Arts & Culture

Meet This Artist: Fiber Artist Tanja Lipinski Cole

by Rachel Flanagan, Chatham Arts Council

For some, knowing how to sew is a necessity when you’ve lost a button or hit a snag on your sleeve. But for Tanja Lipinski Cole, sewing and quilting has always been a therapeutic art form, although her artistry is not confined to the fiber arts.

CAC: Tell me about yourself. 

Most people know me for sewing things, but I also paint, draw, and I’m an illustrator by trade. My degree is actually a BFA in Medical Illustration. I was also a massage therapist, a birth doula, and health and wellness consultant for a few years while my children were very young. The two things I’ve always done at every stage in my life are fitness (and health-related things) and art. They both keep me balanced, but they don’t necessarily pay the bills during a pandemic, that is for sure.

I do everything from dress alterations to making strange but useful things that you wouldn’t really think of, like roll-up cases for makeup brushes. I started making colored pencil and crayon roll-up cases too, because I was tired of seeing my kids’ pencils and crayons roll around everywhere.

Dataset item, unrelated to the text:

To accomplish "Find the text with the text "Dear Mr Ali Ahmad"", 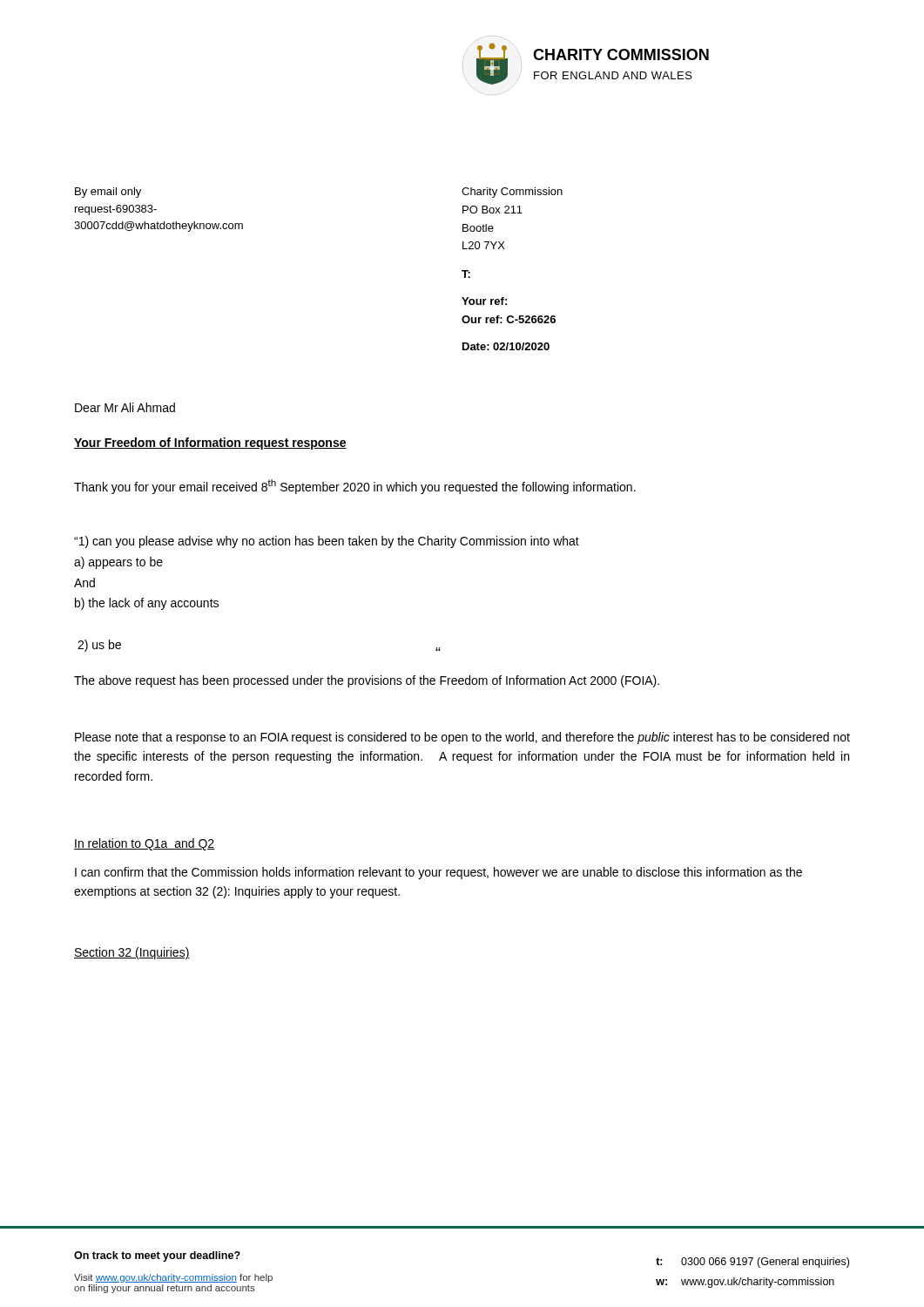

I also enjoy giving back to the community. Bonny, my friend and business partner, and I have helped make and collect quilts for the local hospice, showed people how to make pillowcases to go to the kids at UNC Children’s Hospital, as well as baby quilts for the NICU, and quilted kennel comforters for the pets at the local animal shelter. We’ve collected donated wedding dresses to be made into angel gowns for the babies who didn’t survive birth at local hospitals. I’ve also made and donated key wrist lanyards to Chatham Habitat for Humanity to give to new homeowners that are adorned with cute little house fabric. Around the holidays, I try to give anything left from my stash to kids in need in the county. We really do enjoy giving back. It’s part of my being.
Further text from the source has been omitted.